MODELING VOLATILITY PERSISTENCE OF STOCK MARKET MONTHLY RETURNS VOLATILITY USING GARCH MODELS UNDER DIFFERENT DISTRIBUTIONS

Abstract

This papers aims to uncover stylized facts of monthly stock market
returns and identify adequate GARCH model with appropriate
distribution density that captures conditional variance in monthly
stock market returns. We obtain monthly close values of Bombay
Stock Exchange’s (BSE) Sensex over the period January 1991 to
December 2019 (348 monthly observations). To model the
conditional variance, volatility clustering, asymmetry, and leverage
effect we apply four conventional GARCH models under three
different distribution densities. We use two information criterions to
choose best fit model. Results reveal positive Skewness, weaker
excess kurtosis, no autocorrelations in relative returns and log
returns. On the other side presence of autocorrelation in squared log
returns indicates volatility clustering. All the four GARCH models
have better information criterion values under Gaussian distribution
compared to t-distribution and Generalized Error Distribution.
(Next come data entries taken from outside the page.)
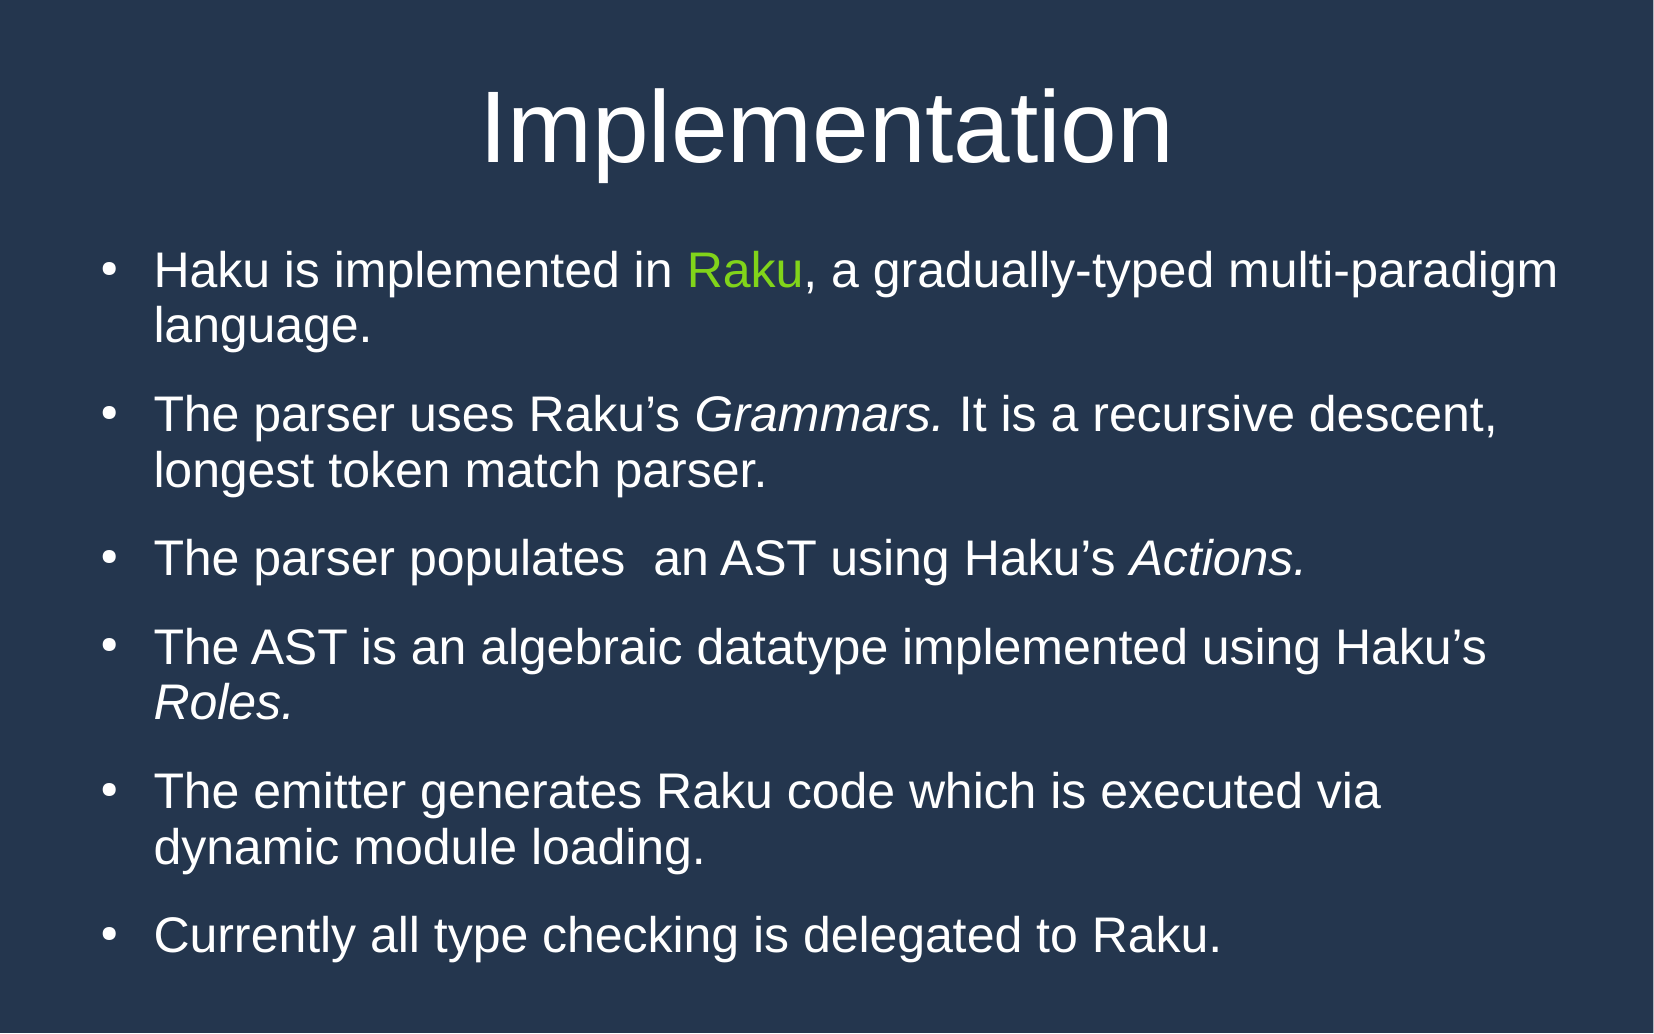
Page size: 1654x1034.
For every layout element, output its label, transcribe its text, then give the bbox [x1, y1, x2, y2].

list Haku is implemented in Raku, a gradually-typed multi-paradigm language. The parser uses Raku’s Grammars. It is a recursive descent, longest token match parser. The parser populates an AST using Haku’s Actions. The AST is an algebraic datatype implemented using Haku’s Roles. The emitter generates Raku code which is executed via dynamic module loading. Currently all type checking is delegated to Raku. [82, 241, 1571, 842]
title Implementation [82, 41, 1571, 214]
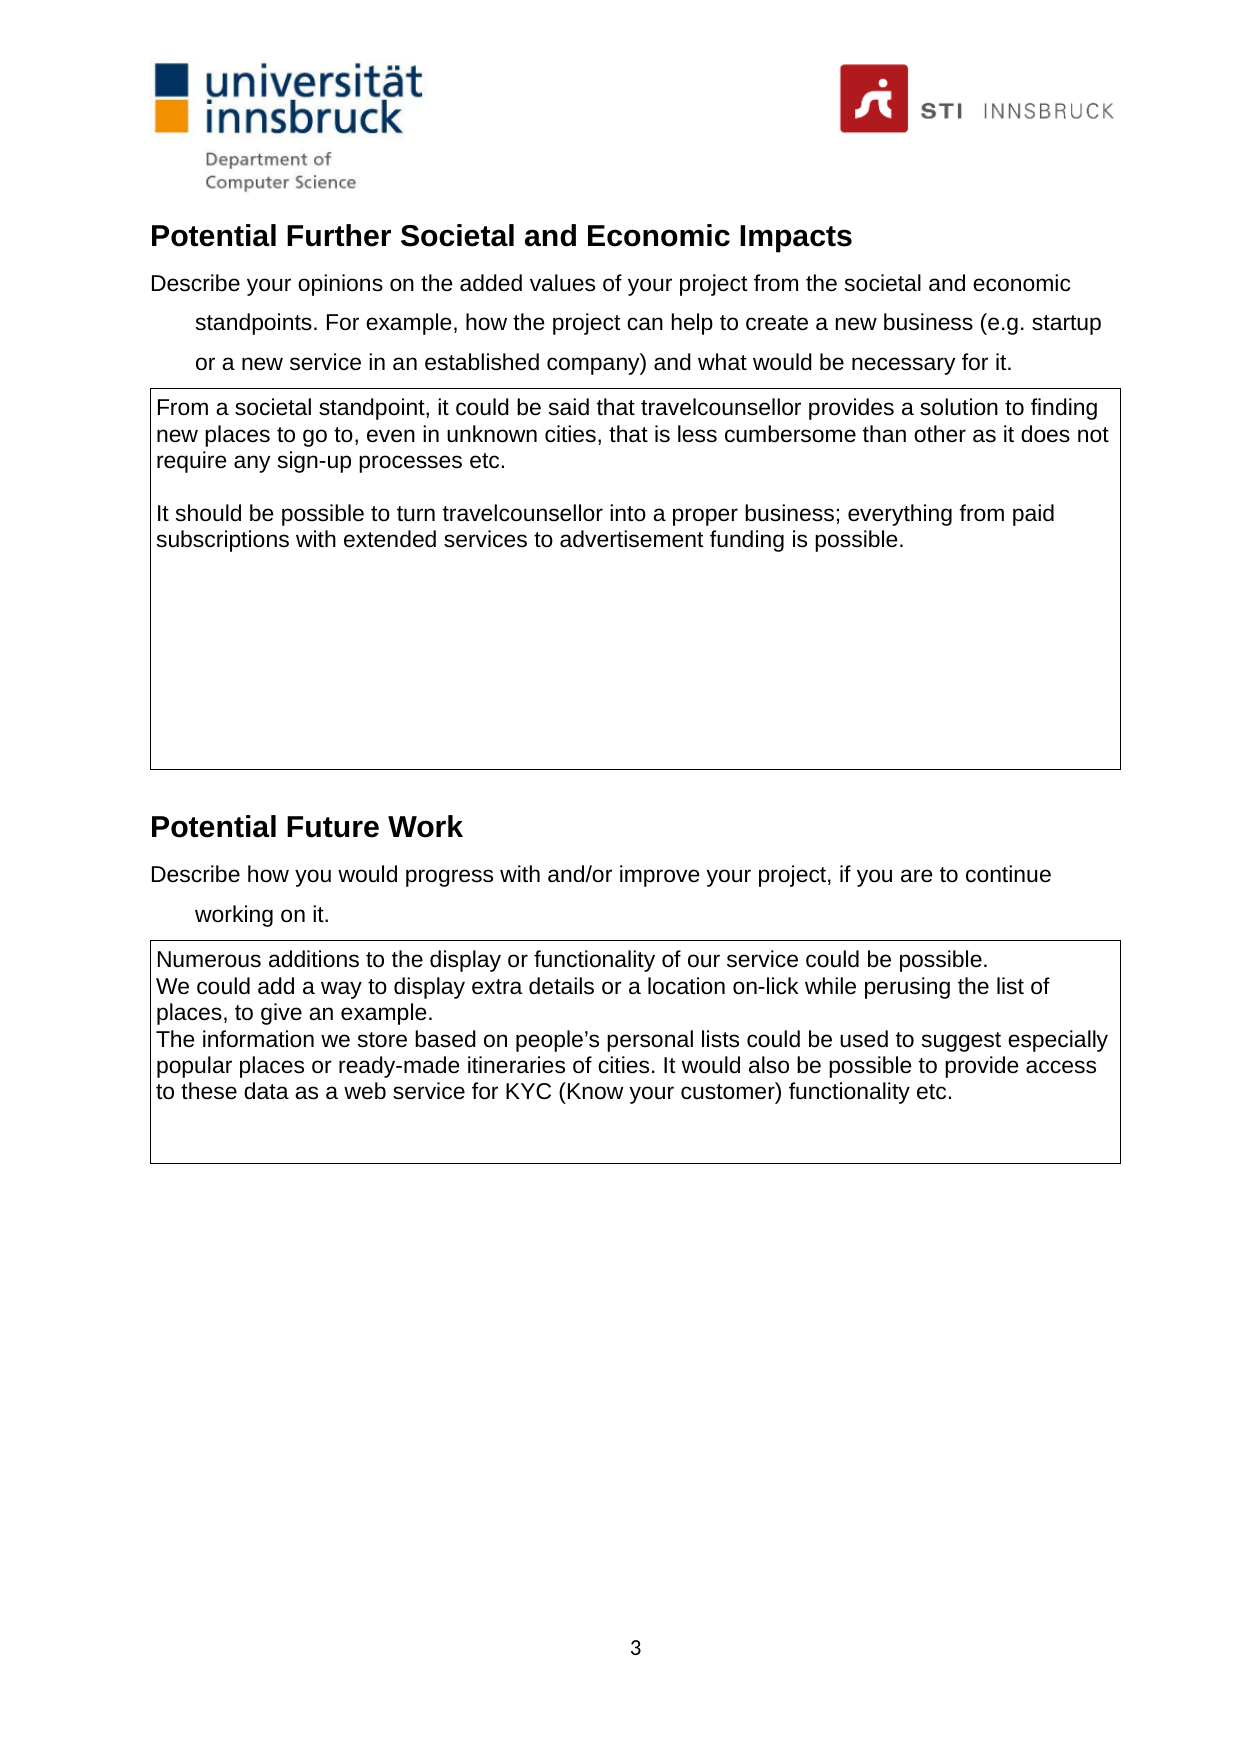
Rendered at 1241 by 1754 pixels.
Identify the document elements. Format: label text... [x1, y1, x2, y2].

subtitle Potential Future Work [150, 809, 1121, 844]
subtitle Potential Further Societal and Economic Impacts [150, 217, 1121, 252]
picture [150, 60, 1121, 197]
subtitle Describe your opinions on the added values of your project from the societal and economic standpoints. For example, how the project can help to create a new business (e.g. startup or a new service in an established company) and what would be necessary for it. [150, 270, 1121, 375]
table_header Numerous additions to the display or functionality of our service could be possible. We could add a way to display extra details or a location on-lick while perusing the list of places, to give an example. The information we store based on people’s personal lists could be used to suggest especially popular places or ready-made itineraries of cities. It would also be possible to provide access to these data as a web service for KYC (Know your customer) functionality etc. [151, 941, 1120, 1163]
subtitle Describe how you would progress with and/or improve your project, if you are to continue working on it. [150, 861, 1121, 927]
table_header From a societal standpoint, it could be said that travelcounsellor provides a solution to finding new places to go to, even in unknown cities, that is less cumbersome than other as it does not require any sign-up processes etc. It should be possible to turn travelcounsellor into a proper business; everything from paid subscriptions with extended services to advertisement funding is possible. [151, 389, 1120, 769]

Furthermore, results indicate that conventional GARCH model is
adequate to measure the conditional volatility. GJR-GARCH model
under Gaussian distribution exhibit leverage effect but statistically
not significant at any standard significance levels. Other asymmetric
models do not exhibit leverage effect. Among the 12 models modeled
in present paper, GARCH model has superior information criterion
values, log likelihood value, and lowest standard error values for all
the coefficients in the model.